If Baja's selling shareholders had been properly informed within
five days of each trade, they might have acted differently.
Instead, Mount Kellett suppressed disclosure of its purchases until
long after the Trades had been effected and any investor had an
opportunity to react. And when it did disclose its position, the
disclosure was incomplete because Mount Kellett failed to report
each individual Trade and prices of such Trades.
Although Mount Kellett has never disclosed when it crossed the
10% threshold, it did disclose in a filing it made on April 8, 2011
that it had acquired 11.9% of Baja's shares. This disclosure is
instructive because Mount Kellett did not make it in British
Columbia, the primary jurisdiction for trading of Baja shares, or
elsewhere in Canada. Instead, Mount Kellett provided this
information by way of a filing only with the US Securities and
Exchange Commission.
Investors in Canada, including those subject to the jurisdiction
of the BC Securities Commission, had to wait another month to learn
that Mount Kellett had become a substantial shareholder (except for
those investors who happened to be monitoring SEC filings).

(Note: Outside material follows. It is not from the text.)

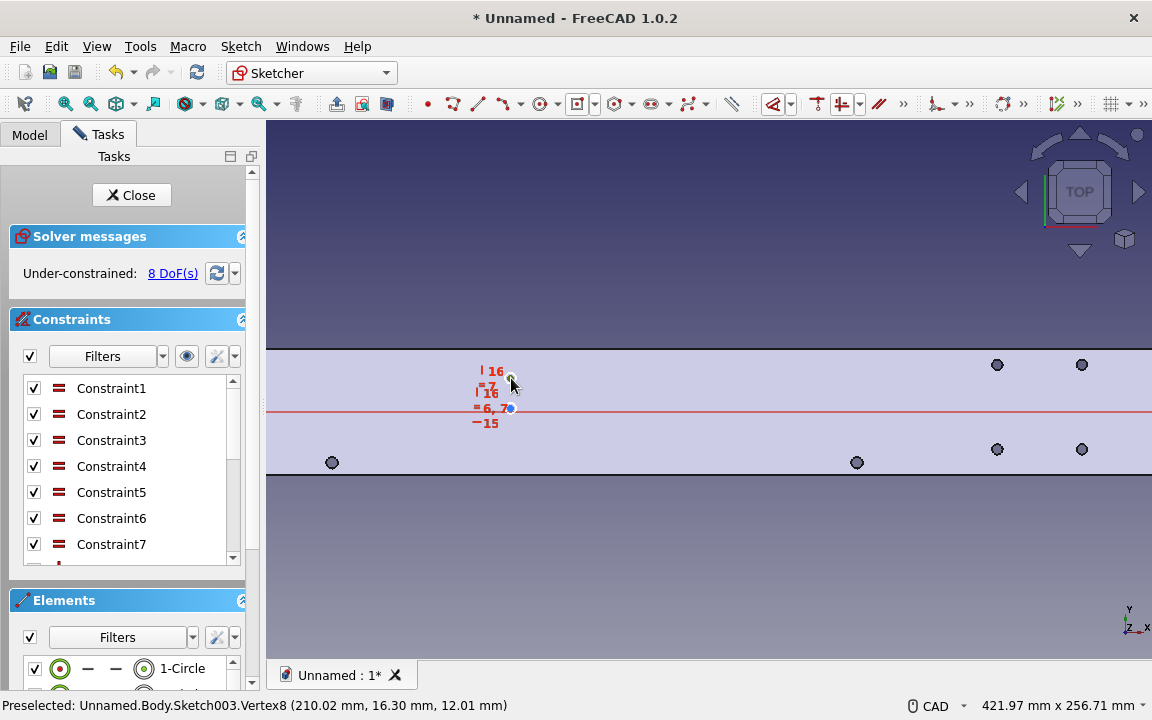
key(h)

Is Mount Kellett an "Eligible Institutional Investor"?
Mount Kellett claims to be exempt from the early warning
requirements (as such term is defined in NI 62-103) and entitled to
file reports of acquisitions under the alternative monthly
reporting system because it is an "eligible institutional
investor".
We believe Mount Kellett relies on sub-paragraph (d) of the
definition of "eligible institutional investor" in NI 62-103, which
reads:
"an investment manager in relation to securities over which it
exercises discretion to vote, acquire or dispose without the
express consent of the beneficial owner, subject to applicable
legal requirements, general investment policies, guidelines,
objectives or restrictions."
Properly construed, this definition does not include investors
such as Mount Kellett - to the contrary, as we will discuss further
below, investors such as Mount Kellett act in precisely the manner
that motivates and necessitates the early warning system in the
first place.
If sub-paragraph (d) of the definition were to apply to Mount
Kellett, it would apply to any institutional investor. The features
of the definition which are intended to distinguish "eligible"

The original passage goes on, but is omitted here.